Step 4: Choose how much to invest in developed and emerging markets

allbutcash.pngIn addition to the market cap, for international investments it’s important to consider whether the investment is in a developed country or emerging market. Like small cap companies, companies located in emerging markets tend to be riskier but offer the potential for greater returns. I’ve written about Emerging Market funds and Allocation and Emerging Market funds. I generally divided the 30% allocated to international investments between developed countries, emerging markets and small cap companies in equal amounts.

Step 5: Choose whether to invest in other asset classes such as REITs and commodities

I invest 10% in REITs, 5% to U.S. REITs and 5% to International REITs. At this point, I don’t invest in commodity funds. Over the long term, commodities tend to return 0% after inflation. While some view them as a good hedge against inflation, the amount I’d be willing to put into commodities would have minimal impact on my portfolio.

Step 6: Choose how to invest in bonds

Generally I allocate 10% to cash, and divide the rest among TIPS, high-yield corporate bonds (i.e., junk bonds) and international bonds. This is one area I know I need to focus on this year. I suspect I’ll transfer my high-yield corporate bond investments to either TIPS or a total bond fund, but I’ll address that issue in more detail later in this series. In making bond investments, two of the significant factors to consider are credit risk (i.e., the risk of default) and interest rate risk (i.e., the risk that interest rates will go up while you are holding a long term bond that’s earning a lower interest rate). Thus, long term bonds are generally riskier than short term bonds, and debt held by struggling companies or countries are generally riskier than debt held by financially secure companies or countries.

Here’s what my final asset allocation plan looks like at the moment:

 

assetallocationfinal.png 

 

As part of my investment portfolio’s annual tune-up, I look at whether I should make any changes to this asset allocation. Last year I increased the amount allocated toward bonds/cash from 20 to 30%. This year, I think I need to make further changes to my bond/cash allocation.

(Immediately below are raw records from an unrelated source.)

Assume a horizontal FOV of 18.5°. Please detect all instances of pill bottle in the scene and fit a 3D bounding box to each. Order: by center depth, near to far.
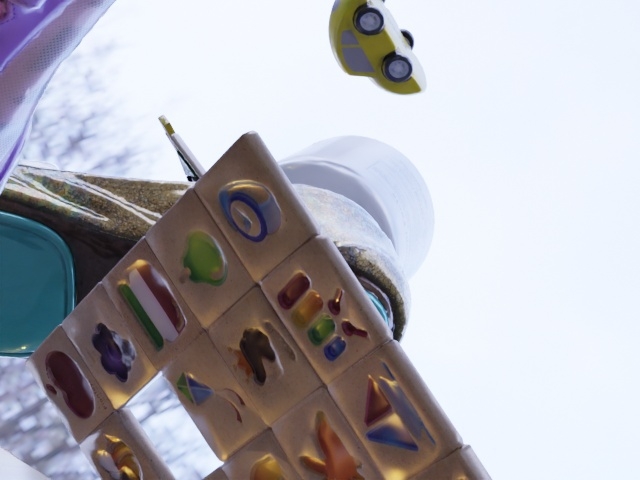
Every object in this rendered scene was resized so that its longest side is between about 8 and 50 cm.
[{"bbox_3d":[0.000,0.000,1.410,0.131,0.229,0.131,2,-80,13],"label":"pill bottle"}]

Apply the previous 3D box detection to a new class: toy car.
[{"bbox_3d":[-0.014,-0.210,1.380,0.053,0.225,0.239,-26,-101,16],"label":"toy car"}]

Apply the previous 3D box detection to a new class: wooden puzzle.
[{"bbox_3d":[-0.091,-0.042,1.518,0.014,0.078,0.116,-34,-131,-7],"label":"wooden puzzle"}]

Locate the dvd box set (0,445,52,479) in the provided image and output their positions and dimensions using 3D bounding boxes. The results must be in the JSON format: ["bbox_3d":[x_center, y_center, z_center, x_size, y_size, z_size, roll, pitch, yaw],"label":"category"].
[{"bbox_3d":[-0.185,0.062,0.374,0.420,0.307,0.062,21,-81,50],"label":"dvd box set"}]

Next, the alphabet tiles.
[{"bbox_3d":[-0.003,0.103,0.678,0.237,0.009,0.198,56,-38,6],"label":"alphabet tiles"}]

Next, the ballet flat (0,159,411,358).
[{"bbox_3d":[-0.123,0.006,1.085,0.348,0.123,0.123,7,-70,-4],"label":"ballet flat"}]

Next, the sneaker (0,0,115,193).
[{"bbox_3d":[-0.113,-0.085,0.649,0.095,0.104,0.236,40,-94,-5],"label":"sneaker"}]
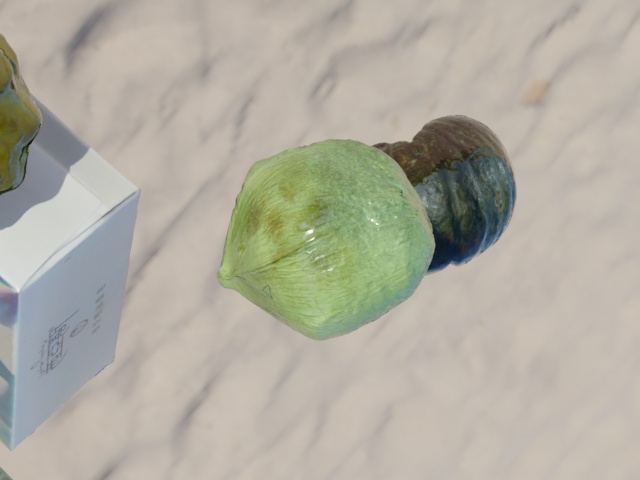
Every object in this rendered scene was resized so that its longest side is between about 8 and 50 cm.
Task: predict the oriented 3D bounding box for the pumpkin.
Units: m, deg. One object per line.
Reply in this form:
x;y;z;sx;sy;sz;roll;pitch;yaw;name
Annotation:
0.087;-0.032;1.535;0.183;0.107;0.119;-21;102;-18;pumpkin

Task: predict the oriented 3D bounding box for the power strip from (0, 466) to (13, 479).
-0.189;0.188;1.195;0.019;0.136;0.051;-46;178;31;power strip

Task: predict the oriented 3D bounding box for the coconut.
0.000;0.000;0.822;0.096;0.088;0.088;-22;144;-3;coconut

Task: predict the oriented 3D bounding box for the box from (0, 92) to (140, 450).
-0.239;-0.003;1.274;0.116;0.203;0.274;-43;168;-26;box

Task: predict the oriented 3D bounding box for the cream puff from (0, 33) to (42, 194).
-0.234;-0.084;1.058;0.146;0.116;0.146;-12;130;-14;cream puff
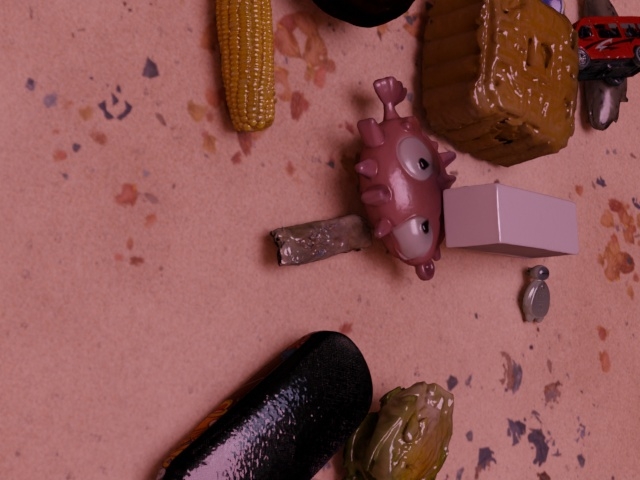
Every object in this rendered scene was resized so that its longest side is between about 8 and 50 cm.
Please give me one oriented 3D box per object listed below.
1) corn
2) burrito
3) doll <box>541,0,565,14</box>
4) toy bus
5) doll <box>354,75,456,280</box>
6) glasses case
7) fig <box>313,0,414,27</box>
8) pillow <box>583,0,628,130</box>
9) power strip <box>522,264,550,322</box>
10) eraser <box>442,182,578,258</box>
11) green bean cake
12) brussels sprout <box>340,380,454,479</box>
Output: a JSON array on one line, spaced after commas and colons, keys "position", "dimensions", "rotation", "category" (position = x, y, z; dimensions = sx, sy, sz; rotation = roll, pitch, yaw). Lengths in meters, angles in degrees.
[{"position": [-0.086, -0.227, 1.456], "dimensions": [0.067, 0.067, 0.206], "rotation": [-1, 83, -42], "category": "corn"}, {"position": [0.001, -0.001, 1.511], "dimensions": [0.171, 0.042, 0.051], "rotation": [-13, 81, -44], "category": "burrito"}, {"position": [0.311, -0.350, 1.841], "dimensions": [0.143, 0.057, 0.099], "rotation": [4, 90, -39], "category": "doll"}, {"position": [0.409, -0.284, 1.861], "dimensions": [0.195, 0.081, 0.089], "rotation": [-7, 73, -28], "category": "toy bus"}, {"position": [0.108, -0.078, 1.580], "dimensions": [0.211, 0.093, 0.262], "rotation": [0, 82, -54], "category": "doll"}, {"position": [-0.055, 0.221, 1.392], "dimensions": [0.321, 0.082, 0.122], "rotation": [-39, 107, -38], "category": "glasses case"}, {"position": [0.023, -0.380, 1.514], "dimensions": [0.249, 0.186, 0.204], "rotation": [16, 90, -31], "category": "fig"}, {"position": [0.453, -0.284, 1.959], "dimensions": [0.093, 0.051, 0.241], "rotation": [10, 73, -40], "category": "pillow"}, {"position": [0.306, 0.076, 1.782], "dimensions": [0.055, 0.035, 0.083], "rotation": [5, 92, -41], "category": "power strip"}, {"position": [0.261, -0.022, 1.663], "dimensions": [0.298, 0.076, 0.078], "rotation": [6, 80, -59], "category": "eraser"}, {"position": [0.252, -0.236, 1.717], "dimensions": [0.224, 0.131, 0.230], "rotation": [18, 71, -40], "category": "green bean cake"}, {"position": [0.096, 0.255, 1.516], "dimensions": [0.139, 0.100, 0.181], "rotation": [51, 51, -35], "category": "brussels sprout"}]
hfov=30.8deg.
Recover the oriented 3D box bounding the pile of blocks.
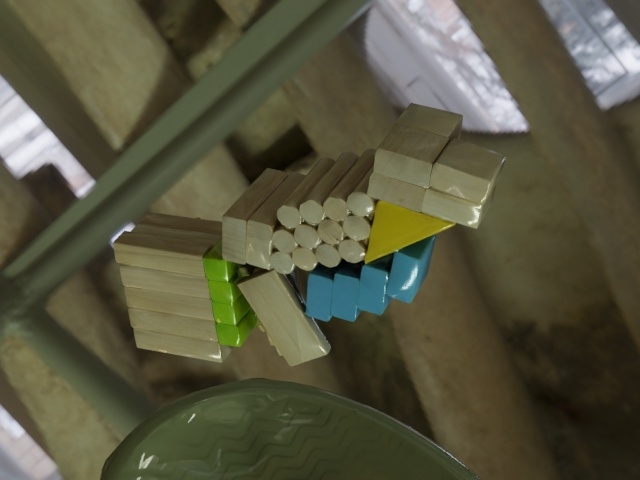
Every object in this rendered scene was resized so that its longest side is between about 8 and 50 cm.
[{"bbox_3d":[0.000,0.000,0.925,0.362,0.149,0.113,-18,-159,33],"label":"pile of blocks"}]

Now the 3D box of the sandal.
[{"bbox_3d":[0.051,0.145,0.295,0.120,0.303,0.086,-33,152,-19],"label":"sandal"}]
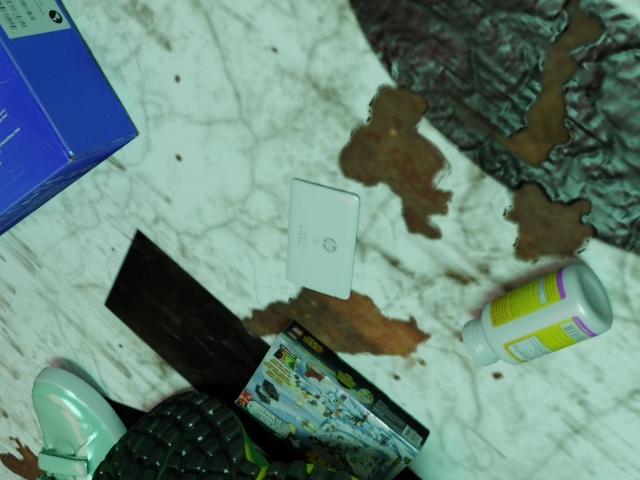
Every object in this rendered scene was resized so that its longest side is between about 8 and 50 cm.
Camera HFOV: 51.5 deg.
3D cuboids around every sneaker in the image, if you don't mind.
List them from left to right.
[{"bbox_3d":[-0.263,0.265,0.665,0.094,0.151,0.256,-4,109,33],"label":"sneaker"},{"bbox_3d":[-0.062,0.237,0.536,0.343,0.134,0.146,14,141,41],"label":"sneaker"}]

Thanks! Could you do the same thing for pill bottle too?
[{"bbox_3d":[0.129,0.049,0.403,0.083,0.043,0.043,-32,94,37],"label":"pill bottle"}]

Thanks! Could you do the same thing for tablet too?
[{"bbox_3d":[0.000,0.000,0.478,0.054,0.006,0.083,17,120,22],"label":"tablet"}]

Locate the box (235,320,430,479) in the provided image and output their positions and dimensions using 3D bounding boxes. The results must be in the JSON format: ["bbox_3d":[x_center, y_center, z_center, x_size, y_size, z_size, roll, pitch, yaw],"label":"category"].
[{"bbox_3d":[0.006,0.140,0.527,0.137,0.027,0.094,39,125,9],"label":"box"}]

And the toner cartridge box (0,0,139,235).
[{"bbox_3d":[-0.325,-0.083,0.584,0.348,0.075,0.165,-23,99,35],"label":"toner cartridge box"}]
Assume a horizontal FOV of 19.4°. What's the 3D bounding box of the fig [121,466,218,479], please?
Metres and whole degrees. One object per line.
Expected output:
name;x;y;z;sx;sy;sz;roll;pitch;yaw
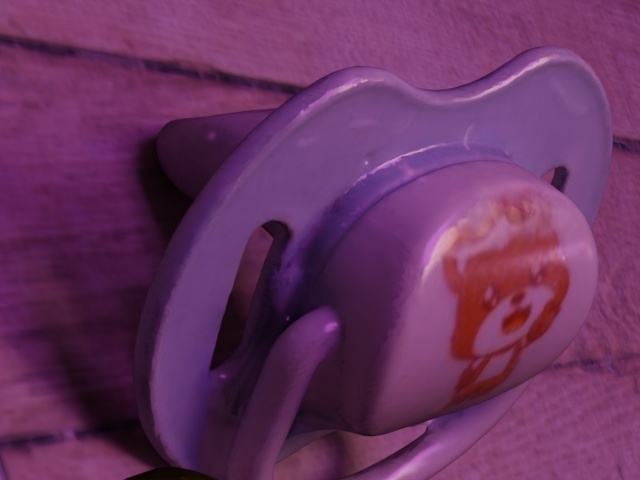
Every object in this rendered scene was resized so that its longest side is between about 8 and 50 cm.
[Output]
fig;-0.041;0.125;0.643;0.123;0.123;0.156;53;21;-22

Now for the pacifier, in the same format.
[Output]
pacifier;0.000;0.000;0.830;0.279;0.227;0.207;-11;41;-45

Currently, I’ve invested a small percentage in high-yield corporate bond funds. These are bonds with companies that have low credit ratings. I’ve concluded that I simply don’t need to look for risky investments within my bond allocation. For that reason, I’ll be moving the high-yield bond fund over to either TIPS or a total bond market fund. I’ll discuss that in more detail tomorrow when we look at my actual investments as compared to this asset allocation plan. I am also keeping an eye on frontier markets, which I recently wrote about. Beyond that, no further changes are necessary to my plan this year. If it has been a long time since you’ve examined your asset allocation plan, however, you may need to make some more dramatic changes.

In the next article in this series, I’ll describe my actual investments and see how they measure up to my asset allocation plan.

Published or Updated: March 30, 2012
About Rob Berger

Rob founded the Dough Roller in 2007. A litigation attorney in the securities industry, he lives in Northern Virginia with his wife, their two teenagers, and the family mascot, a shih tzu named Sophie.

Comments

  1. Honest Dollar says:

    Oooh … so pretty. An excellent (and attractive) reminder that I need to reexamine my asset allocation for 2008.

  2. Level 2 Quotes says:

    This should be the annual and quarterly self examine status. Just like when we need to have major medical checkup annually and minor quarterly check up.

    • DR says:

      Quarterly check-up is a good idea, too, although I tend to make most of my changes on an annual basis, with the exception of rebalancing. I rebalance as needed.